--- Data supplied ---

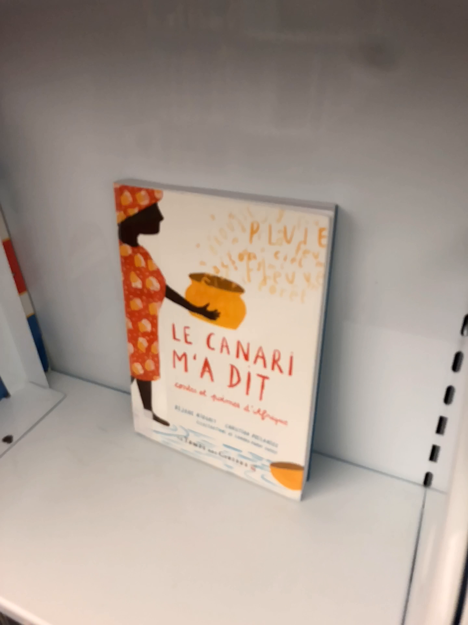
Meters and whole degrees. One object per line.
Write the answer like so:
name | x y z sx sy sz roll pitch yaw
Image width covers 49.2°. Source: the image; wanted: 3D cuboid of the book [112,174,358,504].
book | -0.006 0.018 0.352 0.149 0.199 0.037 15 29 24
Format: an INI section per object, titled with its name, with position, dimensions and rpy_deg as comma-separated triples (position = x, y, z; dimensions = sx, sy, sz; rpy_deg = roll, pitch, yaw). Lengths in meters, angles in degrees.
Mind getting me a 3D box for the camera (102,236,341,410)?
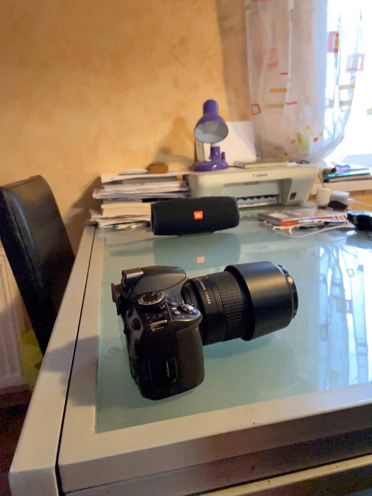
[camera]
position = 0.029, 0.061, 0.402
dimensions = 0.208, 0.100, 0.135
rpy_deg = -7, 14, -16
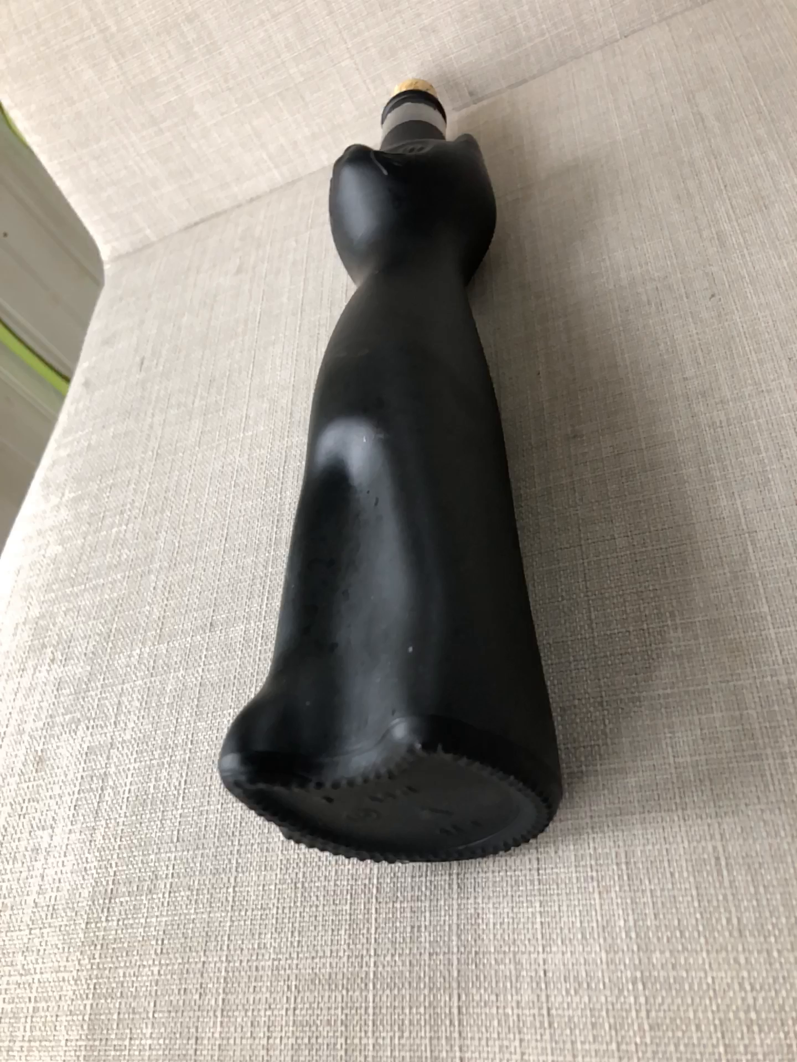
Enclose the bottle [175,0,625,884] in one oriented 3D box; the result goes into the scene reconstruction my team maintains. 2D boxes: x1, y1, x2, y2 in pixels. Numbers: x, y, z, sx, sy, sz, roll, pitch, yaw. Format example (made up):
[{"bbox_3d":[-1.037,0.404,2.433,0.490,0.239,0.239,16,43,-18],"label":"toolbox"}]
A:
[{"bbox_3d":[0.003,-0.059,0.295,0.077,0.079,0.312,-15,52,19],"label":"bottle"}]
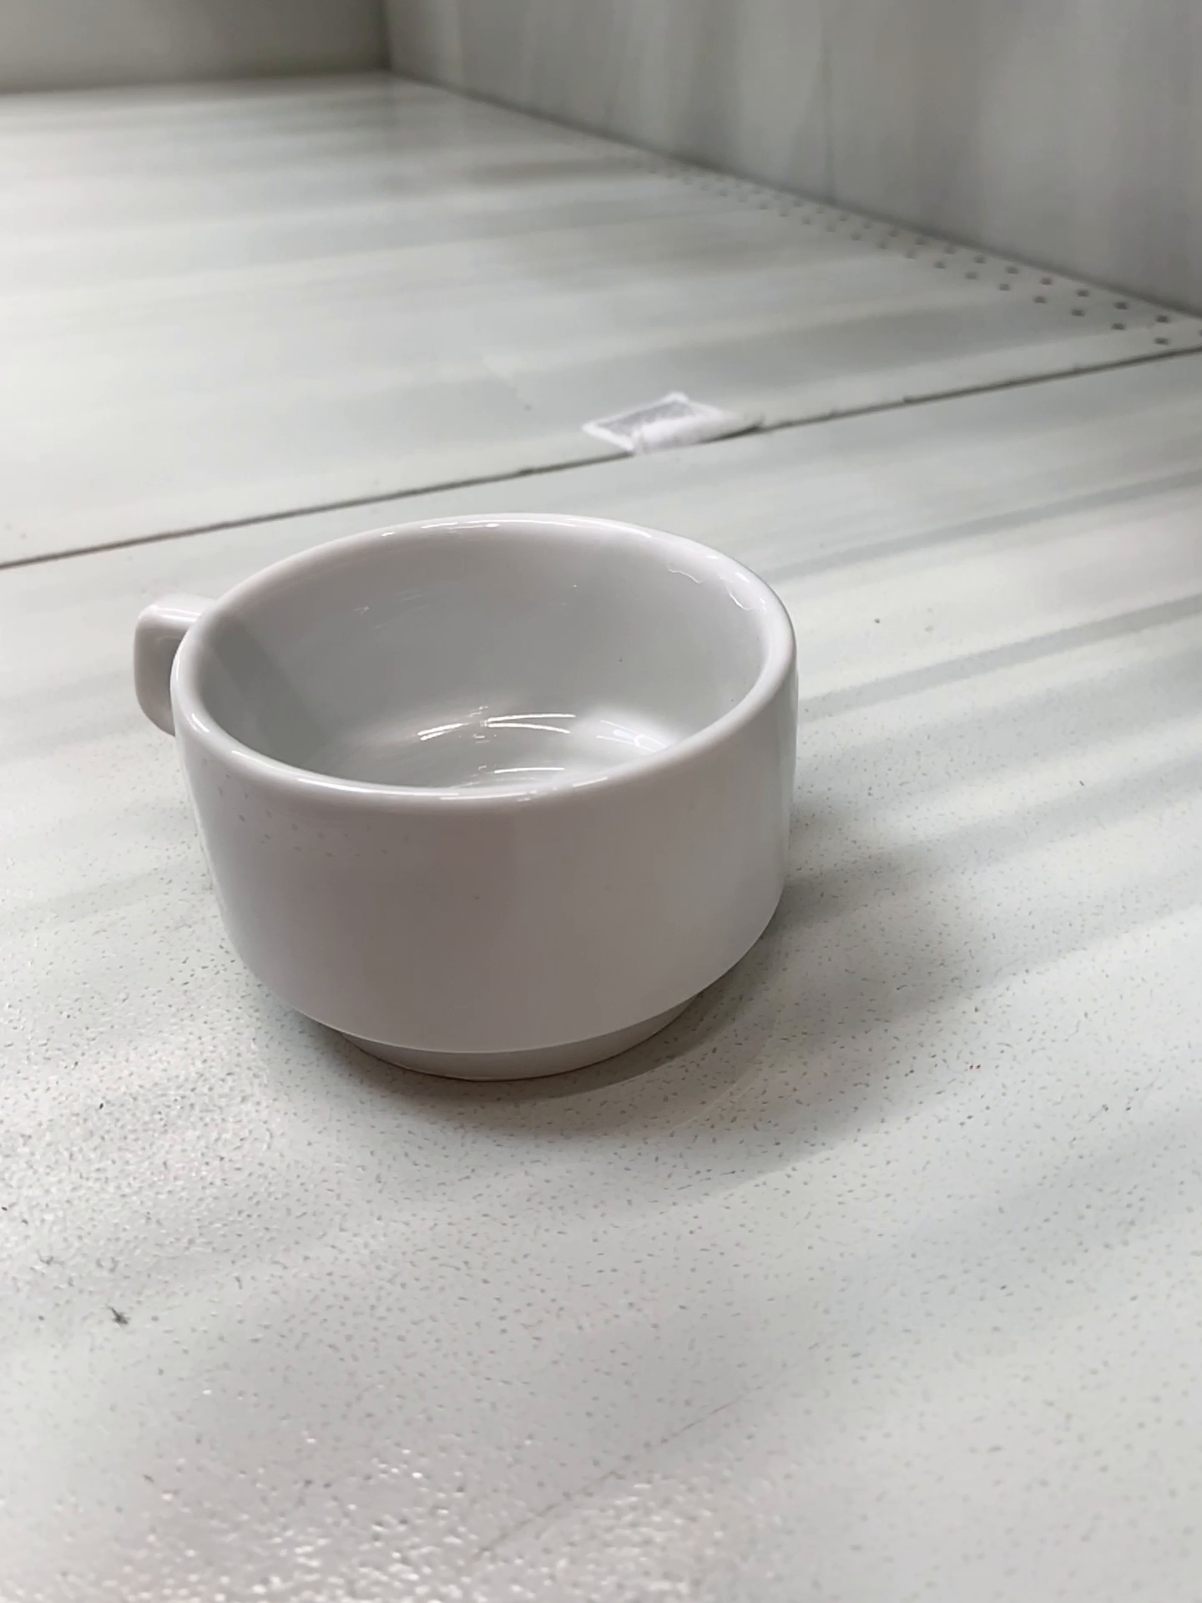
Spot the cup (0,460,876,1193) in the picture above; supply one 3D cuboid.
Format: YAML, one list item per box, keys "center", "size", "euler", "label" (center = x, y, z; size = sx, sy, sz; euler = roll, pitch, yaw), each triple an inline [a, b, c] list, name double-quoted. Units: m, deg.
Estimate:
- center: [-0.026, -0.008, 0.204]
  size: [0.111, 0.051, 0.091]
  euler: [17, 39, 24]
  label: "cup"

--- Task prompt ---
Take each line from the preceding material that contains "pitch" and copy it.

--- Your response ---
name | x y z sx sy sz roll pitch yaw
Format: an INI section per object, titled with its name, with position, dimensions and rpy_deg as comma-separated triples (position = x, y, z; dimensions = sx, sy, sz; rpy_deg = roll, pitch, yaw). Lengths in meters, angles in degrees.
Enclose the bottle [175,0,625,884] in one oriented 3D box; the result goes into the scene reconstruction my team maintains. 2D boxes: x1, y1, x2, y2 in pixels. Numbers: x, y, z, sx, sy, sz, roll, pitch, yaw. Format example (made up):
Format: YAML, one list item per box, keys "center", "size", "euler", "label" (center = x, y, z; size = sx, sy, sz; euler = roll, pitch, yaw), each triple an inline [a, b, c] list, name double-quoted. Units: m, deg.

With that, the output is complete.